I want to start reading again. The last book I read was one of Nicole Jordan's erotica. That was last year. I can't even remember the name. That should tell you how detached I was and still am. I'm hiding behind writing, I know. I need to do better but I'm mostly exhausted. You know when believers say 'the spirit is willing but the flesh is weak.' It's that bad.

There was a time I used to get this blank flashes, like a spell. It would last for a few minutes before disappearing again. Those short periods, I would feel absolutely nothing, like I wasn't present in this world anymore. This isn't like when you try to shut everything out or when you tell your thoughts and your brain to quiet down because you want some peace. It's absolutely different. If anything happens to you at that moment, you won't feel anything. But there must be some awareness.

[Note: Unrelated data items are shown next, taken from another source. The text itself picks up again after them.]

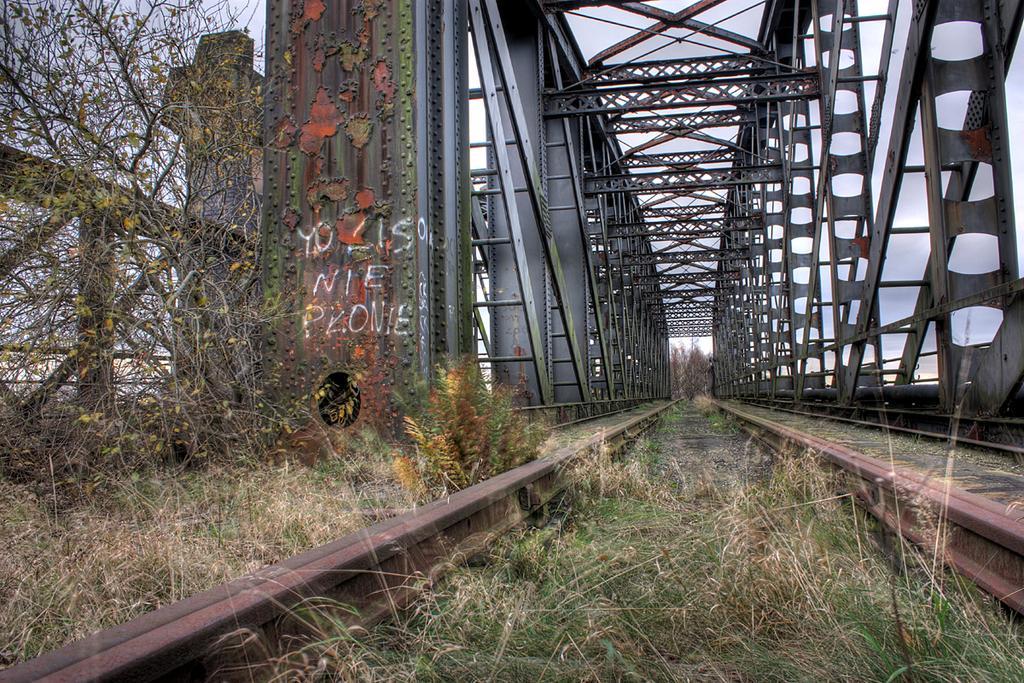In one or two sentences, can you explain what this image depicts? In the foreground of the picture there are plants, grass, railing and railway track. In the middle of the picture we can see iron frames. In the background there are trees. At the top there is sky. 
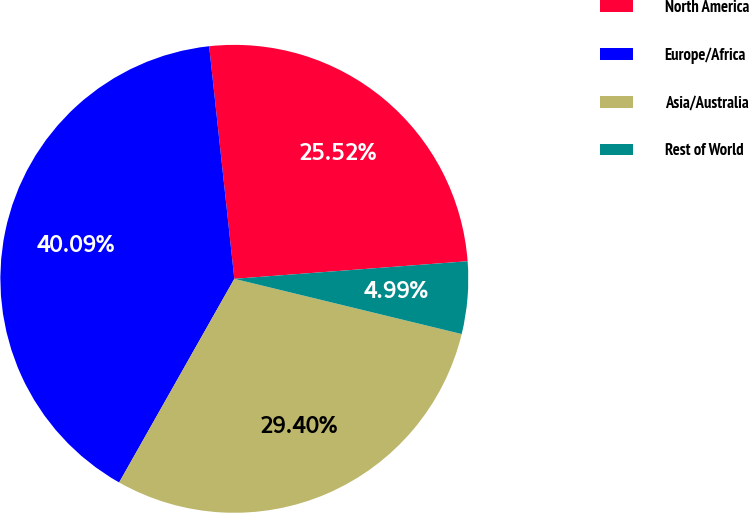<chart> <loc_0><loc_0><loc_500><loc_500><pie_chart><fcel>North America<fcel>Europe/Africa<fcel>Asia/Australia<fcel>Rest of World<nl><fcel>25.52%<fcel>40.09%<fcel>29.4%<fcel>4.99%<nl></chart> 
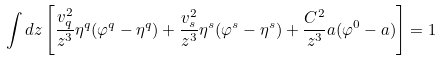<formula> <loc_0><loc_0><loc_500><loc_500>\int d z \left [ \frac { v _ { q } ^ { 2 } } { z ^ { 3 } } \eta ^ { q } ( \varphi ^ { q } - \eta ^ { q } ) + \frac { v _ { s } ^ { 2 } } { z ^ { 3 } } \eta ^ { s } ( \varphi ^ { s } - \eta ^ { s } ) + \frac { C ^ { 2 } } { z ^ { 3 } } a ( \varphi ^ { 0 } - a ) \right ] = 1</formula> 
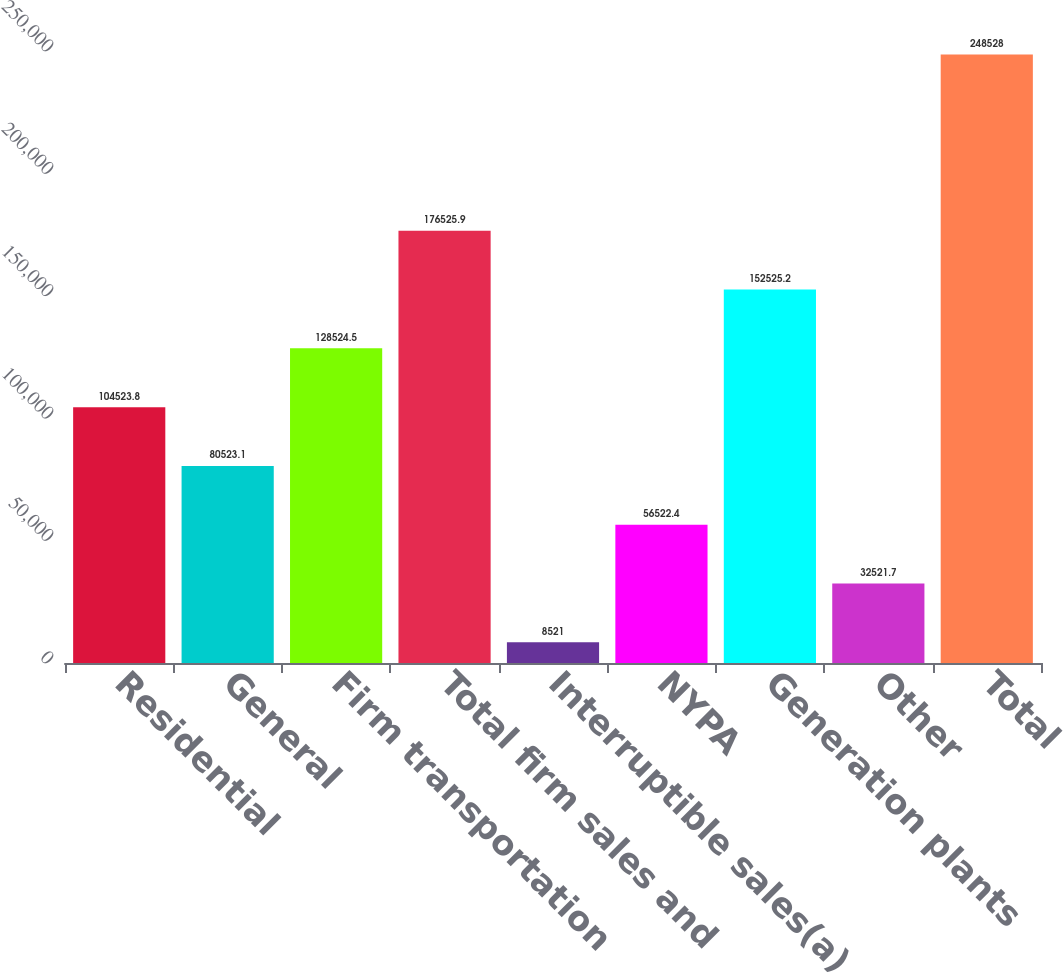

Otherwise, I wouldn't remember. Not sure that explains anything

They say you can pray to a god
With head bowed
And eyes closed in concentration
But you have questions
So you keep your head straight
You look the god in the eye
While you await your answers
You're torn between touching
His feet for blessings
Kneeling with prayer beads between your fingers
And make offerings with oil lamps
Either way, you want answers

I don't know how long I have before things can be right, if not completely, then to some extent. I feel like the universe is shutting me out all the more with each passing day. I swallow it because like I said in the beginning, I have responsibilities. Honestly, I haven't been this afraid before. The end and the answers to this scares the hell out of me. I can't even connect with the people I love anymore.

If you're still here, say a word of prayer for me. I hope your day is beautiful.